Dennis Eversberg & Martin Fritz halten auf der Frühjahrstagung der DGS-Sektion „Umwelt- und Nachhaltigkeitssoziologie“ den Vortrag „Bioökonomie als Schauplatz des sozial-ökologischen Transformationskonflikts in Deutschland“ | 31.3./1.4.2022


Abstract:

Ausgehend von der Notwendigkeit des Ausstiegs aus fossilen Ressourcen wird seit einigen Jahren wissenschaftlich und politisch über Konzepte einer post-fossilen Bioökonomie diskutiert. In Strategiepapieren und Projektplänen etwa für Pilotregionen werden der Substituierung fossiler durch nachwachsende, bio-basierte Stoffe eine Vielzahl von Vorteilen zugeschrieben. Versprochen wird ein nachhaltiges und gleichzeitig wachstumsstarkes Wirtschaften ohne Kohle, Erdöl und -gas und die Schaffung neuer Arbeitsplätze durch technologische Innovationen. Das soziale Konfliktpotential, das eine solche Neuausrichtung des Wirtschaftens mit sich bringt, findet in diesen stark techno-ökonomisch dominierten Debatten kaum Beachtung. Der vorgeschlagene Beitrag adressiert die Bioökonomie daher als ein Teilfeld einer umfassenderen, gesamtgesellschaftlichen sozial-ökologischen Transformation, deren Richtung und Prinzipien derzeit sowohl Gegenstand politischer Auseinandersetzungen als auch eine Arena für Konflikte zwischen den Zukunftsvorstellungen und praktischen Orientierungen unterschiedlicher Bevölkerungsteile sind.

Auf der Basis aktueller repräsentativer Umfragedaten aus unserer Studie BioMentalitäten 2021 (n=4000) untersuchen wir Spannungsverhältnisse auf der Ebene von Einstellungen und Haltungen der Bevölkerung zu einer auf nachwachsenden Rohstoffen basierenden Wirtschaft und der damit verbundenen Vorstellungen von sozial-ökologischer Transformation. Im Unterschied zu bisherigen Bevölkerungsbefragungen zur Bioökonomie, die auf Fragen des Wissens über und der Akzeptanz  von Bioökonomie und spezifischen Technologien fokussieren, stehen hierbei aus relational-soziologischer Sicht die wechselseitigen Zusammenhänge zwischen den Ebenen von Einstellungen, sozialstrukturellen Positionen und Praktiken im Vordergrund. Ausgehend von Bourdieus Konzeptionen von Habitus und Praxis begreifen wir die in der Befragung geäußerten Haltungen zum biobasierten Wirtschaften als Ausdruck tiefer liegender grundlegender Einstellungsmuster (Mentalitäten), die von sozialen Erfahrungen und sozioökonomischen Bedingungen geprägt sind und im alltäglichen Handeln sowie in Positionierungen zu unterschiedlichsten Einzelfragen zum Ausdruck kommen.

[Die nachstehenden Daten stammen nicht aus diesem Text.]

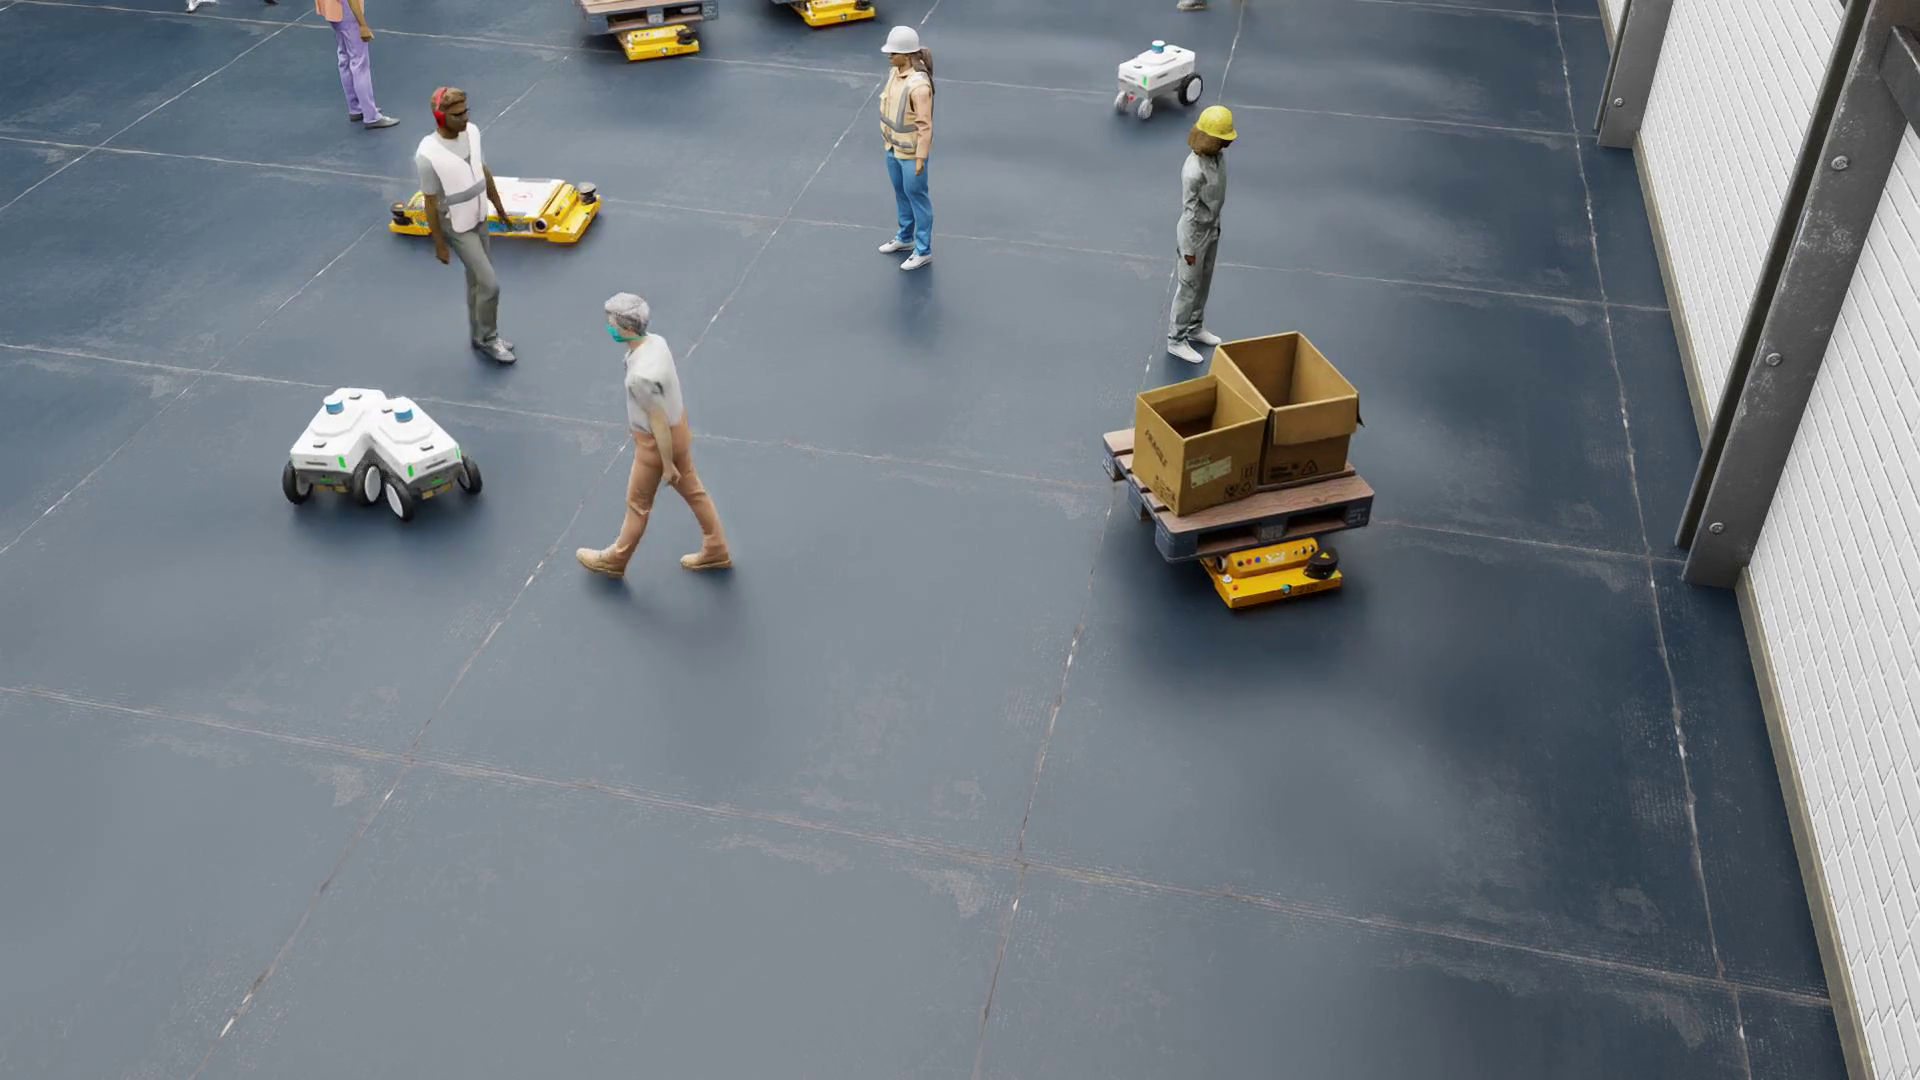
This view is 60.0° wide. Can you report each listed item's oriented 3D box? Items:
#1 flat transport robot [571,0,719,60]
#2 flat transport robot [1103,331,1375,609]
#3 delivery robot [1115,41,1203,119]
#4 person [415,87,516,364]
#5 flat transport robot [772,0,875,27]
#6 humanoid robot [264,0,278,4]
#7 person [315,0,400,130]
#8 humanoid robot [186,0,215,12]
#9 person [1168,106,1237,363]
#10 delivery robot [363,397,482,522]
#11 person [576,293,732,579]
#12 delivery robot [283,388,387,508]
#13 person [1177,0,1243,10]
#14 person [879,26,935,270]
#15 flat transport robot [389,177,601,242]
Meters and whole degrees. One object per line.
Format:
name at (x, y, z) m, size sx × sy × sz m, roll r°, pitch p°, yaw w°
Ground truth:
flat transport robot at (-2.985, -4.915, 15.795) m, size 0.659 × 0.231 × 1.431 m, roll -14°, pitch 39°, yaw -18°
flat transport robot at (1.547, -0.158, 9.430) m, size 0.659 × 0.231 × 1.431 m, roll -10°, pitch 38°, yaw -14°
delivery robot at (1.699, -3.999, 14.320) m, size 0.768 × 0.581 × 0.499 m, roll -30°, pitch 46°, yaw -34°
person at (-3.063, -1.989, 10.573) m, size 0.592 × 1.828 × 0.576 m, roll 10°, pitch 38°, yaw 13°
flat transport robot at (-1.432, -5.441, 16.500) m, size 0.659 × 0.231 × 1.431 m, roll -16°, pitch 40°, yaw -21°
humanoid robot at (-6.695, -6.150, 16.256) m, size 0.562 × 1.800 × 0.943 m, roll 12°, pitch 38°, yaw 16°
person at (-5.042, -4.294, 13.644) m, size 0.390 × 1.849 × 0.565 m, roll -28°, pitch 45°, yaw -32°
humanoid robot at (-7.596, -5.910, 15.925) m, size 0.584 × 1.805 × 0.824 m, roll -27°, pitch 45°, yaw -31°
person at (1.552, -1.950, 10.608) m, size 0.321 × 1.728 × 0.488 m, roll 17°, pitch 40°, yaw 22°
delivery robot at (-3.178, -0.510, 9.667) m, size 0.499 × 0.600 × 0.802 m, roll -27°, pitch 44°, yaw -31°
person at (-1.673, -0.529, 8.724) m, size 0.857 × 1.702 × 0.475 m, roll 2°, pitch 37°, yaw 2°
delivery robot at (-3.610, -0.565, 9.734) m, size 0.499 × 0.592 × 0.795 m, roll 4°, pitch 37°, yaw 5°
person at (2.496, -6.008, 15.925) m, size 0.628 × 1.868 × 0.581 m, roll -4°, pitch 37°, yaw -6°
person at (-0.355, -2.763, 11.696) m, size 0.367 × 1.729 × 0.496 m, roll -19°, pitch 41°, yaw -24°
flat transport robot at (-3.508, -2.503, 12.569) m, size 1.431 × 0.231 × 0.659 m, roll 4°, pitch 37°, yaw 5°
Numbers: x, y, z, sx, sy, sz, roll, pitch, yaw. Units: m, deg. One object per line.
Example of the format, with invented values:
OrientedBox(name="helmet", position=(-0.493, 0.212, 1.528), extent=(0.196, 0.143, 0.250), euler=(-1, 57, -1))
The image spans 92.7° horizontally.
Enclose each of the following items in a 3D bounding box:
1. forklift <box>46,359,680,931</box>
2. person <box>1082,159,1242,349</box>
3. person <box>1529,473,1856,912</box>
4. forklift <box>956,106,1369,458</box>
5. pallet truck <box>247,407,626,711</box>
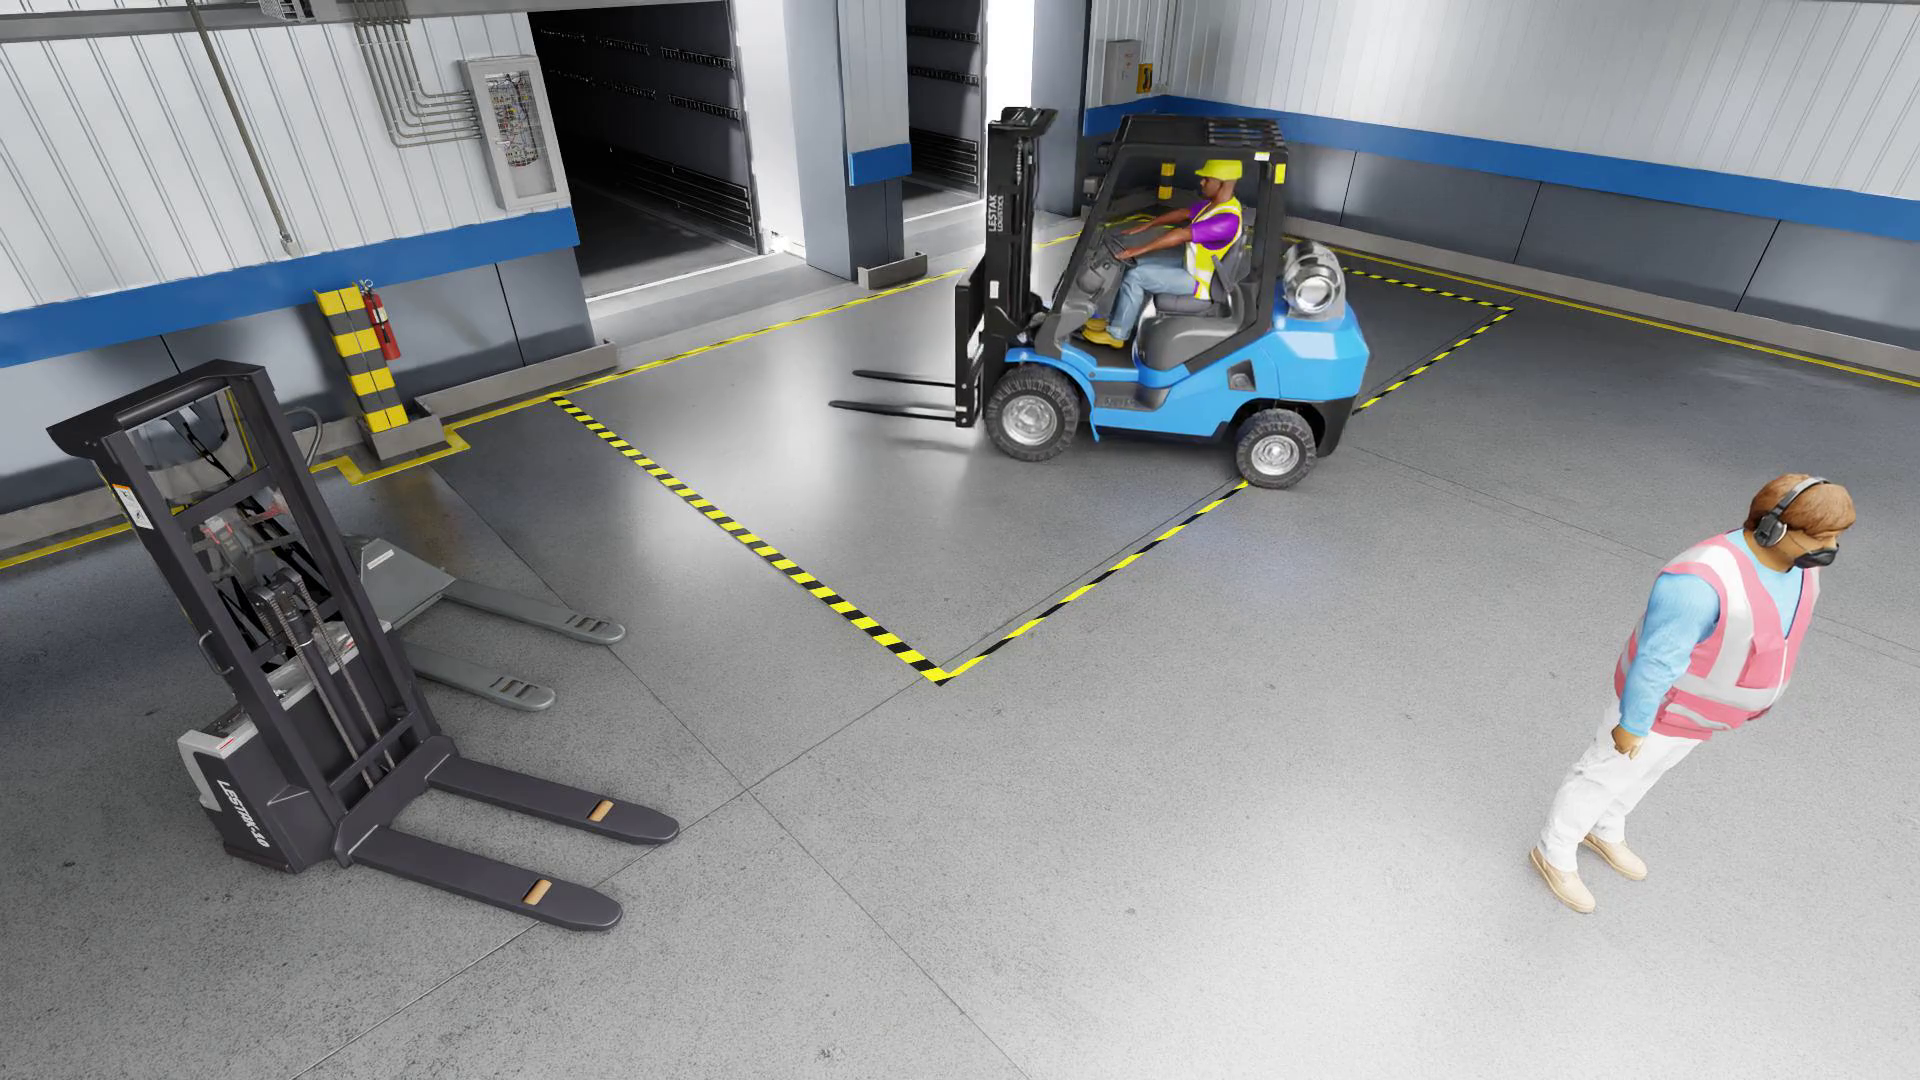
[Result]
OrientedBox(name="forklift", position=(-2.135, 0.422, 3.354), extent=(1.885, 1.965, 0.823), euler=(10, 35, 14))
OrientedBox(name="person", position=(1.337, -1.936, 6.173), extent=(1.004, 1.294, 0.635), euler=(7, 35, 10))
OrientedBox(name="person", position=(2.569, 0.579, 3.261), extent=(0.623, 1.844, 0.431), euler=(-13, 36, -19))
OrientedBox(name="forklift", position=(1.394, -1.770, 6.261), extent=(2.680, 2.036, 1.157), euler=(7, 35, 10))
OrientedBox(name="pallet truck", position=(-2.628, 0.038, 4.590), extent=(1.601, 1.201, 0.680), euler=(12, 36, 18))
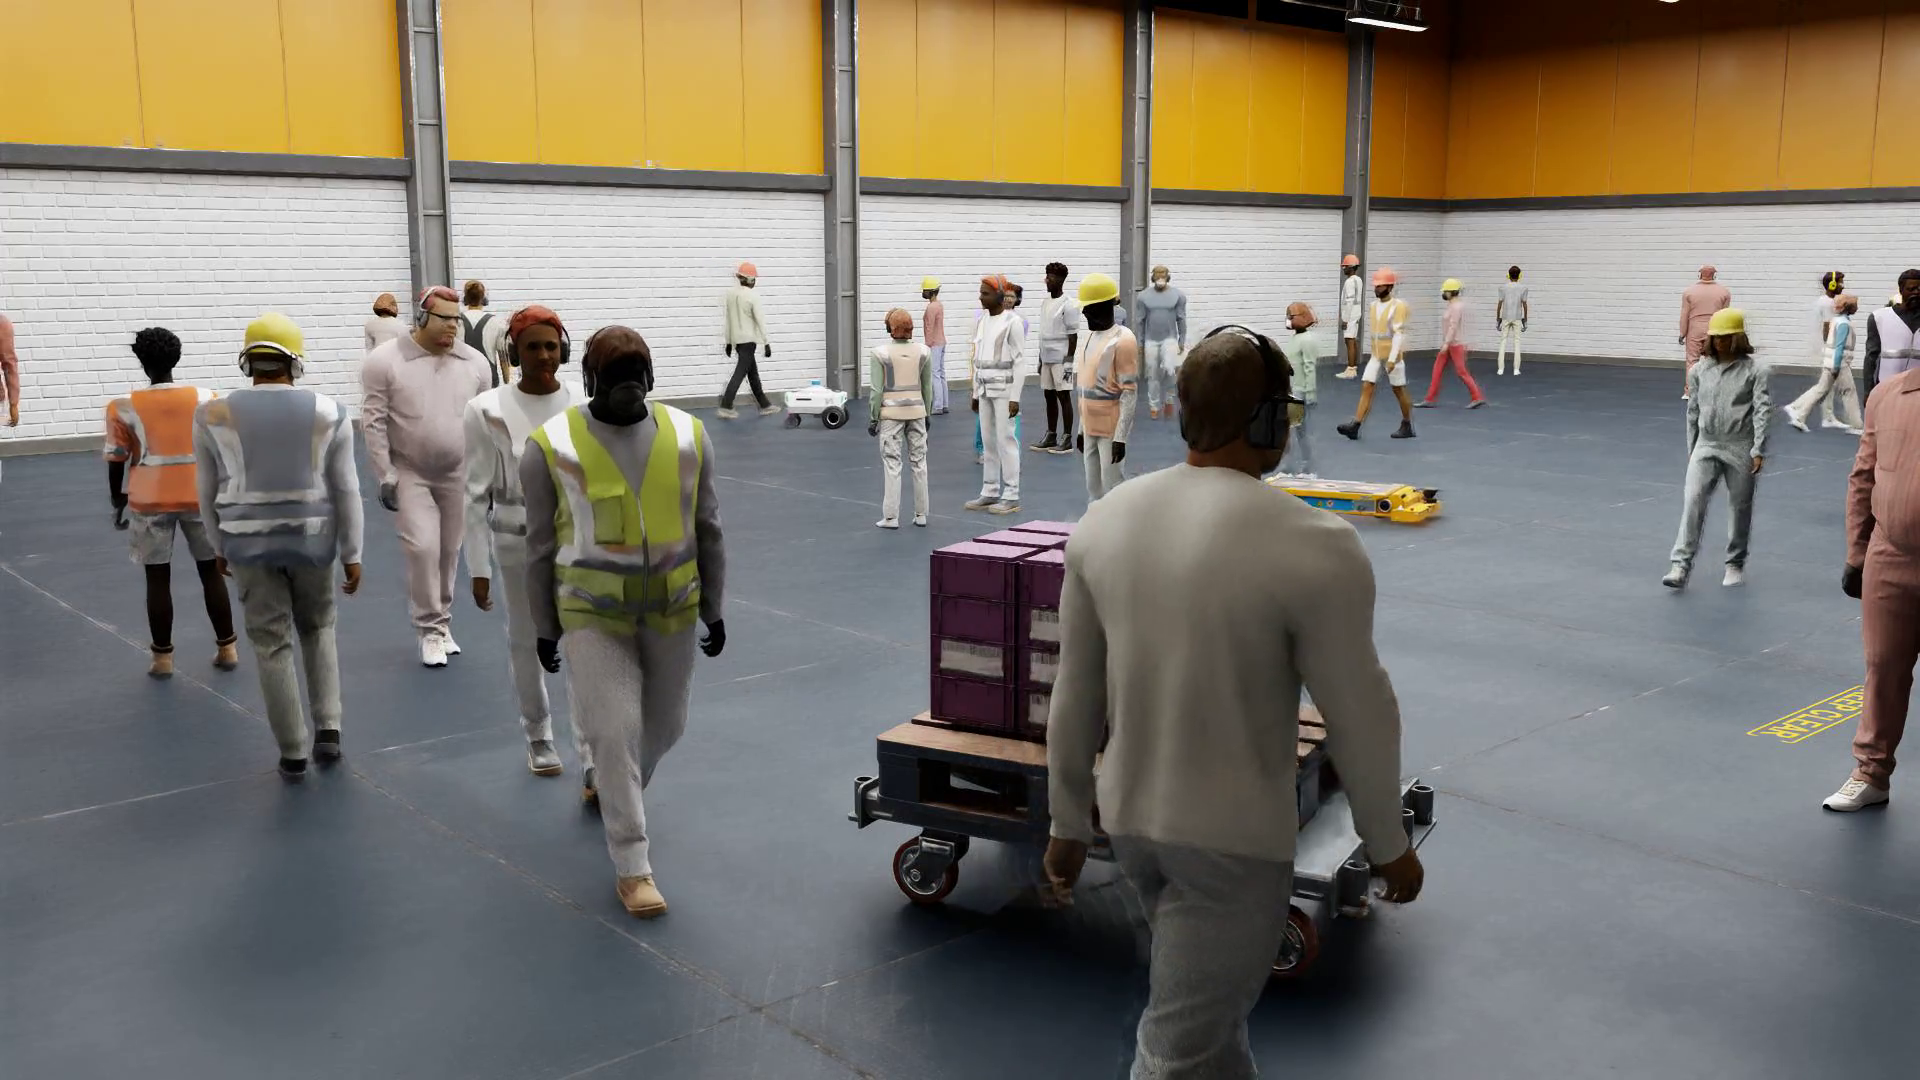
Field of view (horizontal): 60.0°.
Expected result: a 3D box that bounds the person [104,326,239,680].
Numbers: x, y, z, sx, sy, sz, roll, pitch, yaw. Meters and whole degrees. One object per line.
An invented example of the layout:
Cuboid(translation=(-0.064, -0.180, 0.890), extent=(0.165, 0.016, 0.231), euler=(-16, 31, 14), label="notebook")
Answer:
Cuboid(translation=(-3.772, -0.175, 7.975), extent=(0.551, 1.693, 0.346), euler=(-5, 11, -29), label="person")

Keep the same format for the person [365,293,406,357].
Cuboid(translation=(-6.049, -1.795, 17.638), extent=(0.498, 1.633, 0.285), euler=(2, 10, 12), label="person")

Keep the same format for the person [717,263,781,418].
Cuboid(translation=(-2.680, -2.507, 20.924), extent=(1.042, 1.942, 0.644), euler=(-9, 13, -43), label="person")

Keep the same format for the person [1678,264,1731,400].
Cuboid(translation=(10.425, -2.903, 23.328), extent=(0.652, 1.906, 0.402), euler=(3, 10, 15), label="person")

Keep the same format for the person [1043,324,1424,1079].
Cuboid(translation=(0.526, 0.545, 3.180), extent=(0.990, 1.889, 0.640), euler=(-8, 13, -39), label="person")

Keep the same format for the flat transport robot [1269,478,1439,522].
Cuboid(translation=(2.965, -0.330, 13.043), extent=(1.431, 0.197, 0.652), euler=(5, 11, 28), label="flat transport robot")

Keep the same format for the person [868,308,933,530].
Cuboid(translation=(-0.436, -0.895, 12.345), extent=(0.514, 1.642, 0.310), euler=(-5, 11, -26), label="person")

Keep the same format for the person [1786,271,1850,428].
Cuboid(translation=(10.148, -2.225, 19.518), extent=(0.649, 1.853, 0.564), euler=(5, 11, 27), label="person")

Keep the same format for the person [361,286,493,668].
Cuboid(translation=(-2.585, -0.311, 8.259), extent=(0.674, 1.870, 0.729), euler=(-7, 12, -37), label="person")

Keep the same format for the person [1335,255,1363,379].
Cuboid(translation=(6.440, -3.688, 27.528), extent=(0.378, 2.044, 0.607), euler=(5, 11, 25), label="person")

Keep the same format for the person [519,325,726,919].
Cuboid(translation=(-1.078, 0.216, 5.340), extent=(0.626, 1.816, 0.815), euler=(-5, 11, -27), label="person")

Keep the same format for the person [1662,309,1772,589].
Cuboid(translation=(4.583, -0.526, 10.014), extent=(0.508, 1.704, 0.871), euler=(8, 12, 38), label="person")

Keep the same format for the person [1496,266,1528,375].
Cuboid(translation=(9.430, -3.748, 28.417), extent=(0.516, 1.861, 0.317), euler=(4, 10, 21), label="person")

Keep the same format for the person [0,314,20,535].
Cuboid(translation=(-7.129, -1.010, 12.015), extent=(0.630, 1.979, 0.469), euler=(-7, 12, -35), label="person")

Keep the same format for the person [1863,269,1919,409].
Cuboid(translation=(7.590, -1.219, 13.434), extent=(0.587, 1.920, 0.391), euler=(1, 10, 4), label="person")

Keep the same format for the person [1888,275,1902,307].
Cuboid(translation=(13.270, -2.815, 23.136), extent=(0.712, 1.803, 0.430), euler=(5, 11, 29), label="person")

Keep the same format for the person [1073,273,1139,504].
Cuboid(translation=(0.884, -0.698, 10.387), extent=(0.382, 1.917, 0.585), euler=(-4, 10, -22), label="person")

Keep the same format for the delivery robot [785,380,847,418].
Cuboid(translation=(-1.698, -1.641, 19.619), extent=(0.707, 0.478, 0.477), euler=(0, 10, 3), label="delivery robot")

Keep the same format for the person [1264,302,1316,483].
Cuboid(translation=(2.913, -1.302, 14.800), extent=(0.598, 1.617, 0.508), euler=(0, 10, -2), label="person")

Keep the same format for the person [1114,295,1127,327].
Cuboid(translation=(1.956, -2.460, 21.531), extent=(0.507, 1.632, 0.281), euler=(-9, 14, -44), label="person")

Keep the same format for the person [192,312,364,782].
Cuboid(translation=(-2.649, 0.023, 6.493), extent=(0.583, 1.802, 0.556), euler=(-5, 11, -26), label="person")

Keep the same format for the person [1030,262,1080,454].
Cuboid(translation=(0.984, -1.875, 17.132), extent=(0.362, 1.966, 0.611), euler=(-6, 11, -30), label="person")

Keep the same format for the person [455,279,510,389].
Cuboid(translation=(-4.063, -1.278, 14.057), extent=(0.518, 1.824, 0.395), euler=(-2, 10, -9), label="person")

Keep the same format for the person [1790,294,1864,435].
Cuboid(translation=(9.938, -1.982, 18.890), extent=(0.849, 1.613, 0.527), euler=(3, 10, 18), label="person")

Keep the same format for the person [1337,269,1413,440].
Cuboid(translation=(4.648, -2.034, 18.318), extent=(1.032, 1.878, 0.563), euler=(-6, 11, -32), label="person")

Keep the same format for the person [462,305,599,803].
Cuboid(translation=(-1.531, 0.061, 6.182), extent=(0.595, 1.830, 0.974), euler=(-5, 11, -26), label="person")

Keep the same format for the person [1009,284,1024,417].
Cuboid(translation=(0.563, -2.373, 20.915), extent=(0.482, 1.675, 0.539), euler=(1, 10, 4), label="person")

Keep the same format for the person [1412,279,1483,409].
Cuboid(translation=(6.545, -2.596, 22.068), extent=(0.884, 1.726, 0.528), euler=(0, 10, 0), label="person")

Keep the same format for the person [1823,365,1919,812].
Cuboid(translation=(3.433, 0.080, 5.867), extent=(0.408, 1.908, 0.643), euler=(-8, 12, -38), label="person")

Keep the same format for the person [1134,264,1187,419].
Cuboid(translation=(2.465, -2.439, 20.557), extent=(0.640, 1.924, 0.459), euler=(2, 10, 14), label="person")

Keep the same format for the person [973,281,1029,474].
Cuboid(translation=(0.368, -1.558, 15.782), extent=(0.581, 1.803, 0.978), euler=(-3, 10, -15), label="person")

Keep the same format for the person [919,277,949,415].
Cuboid(translation=(-0.347, -2.477, 21.268), extent=(0.346, 1.761, 0.528), euler=(3, 10, 15), label="person")

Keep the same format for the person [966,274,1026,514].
Cuboid(translation=(0.288, -1.149, 13.124), extent=(0.337, 1.882, 0.584), euler=(-7, 12, -34), label="person")

Neben spezifischen bioökonomierelevanten Fragen deckt unsere Befragung deshalb ein breiteres Spektrum sozial-ökologisch relevanter Fragen ab, z.B. nach den Grenzen des Wachstums, der Rolle von Technologie, Grundlogiken sozialer Beziehungen, Haltungen zu gesellschaftlicher Modernisierung oder Ungleichheit und verschiedene Aspekte der Nachhaltigkeit wie Klimapolitik und Naturschutz. Durch deren Einbezug lassen sich sozial-ökologische Mentalitäten identifizieren, deren Unterscheidung differenzierte Rekonstruktions- und Erklärungsmöglichkeiten für Nachhaltigkeits- und Transformationskonflikte bietet, die über sozioökonomische oder ideologische Engführungen hinausgehen.

Wir stellen erste Ergebnisse aus unserer Studie vor, diskutieren die mit Spannungsverhältnissen auf der Mentalitätsebene verbundenen sozialen Ungleichheiten (bspw. hinsichtlich Altersgruppen, Gender, Bildung, Beruf oder Einkommen) und systematisch differierenden Praxismuster (Lebensweisen) sowie die sich daraus abzeichnenden Konfliktlinien im Hinblick auf bioökonomische und andere Dimensionen von Transformation. Darüber hinaus geben wir einen ersten Einblick in die relationalen statistischen Analysen, mit welchen wir eine mehrdimensionale Landkarte des sozial-ökologischen Transformationskonflikts auf der Ebene von Mentalitäten und Lebensweisen in der deutschen Bevölkerung erarbeiten.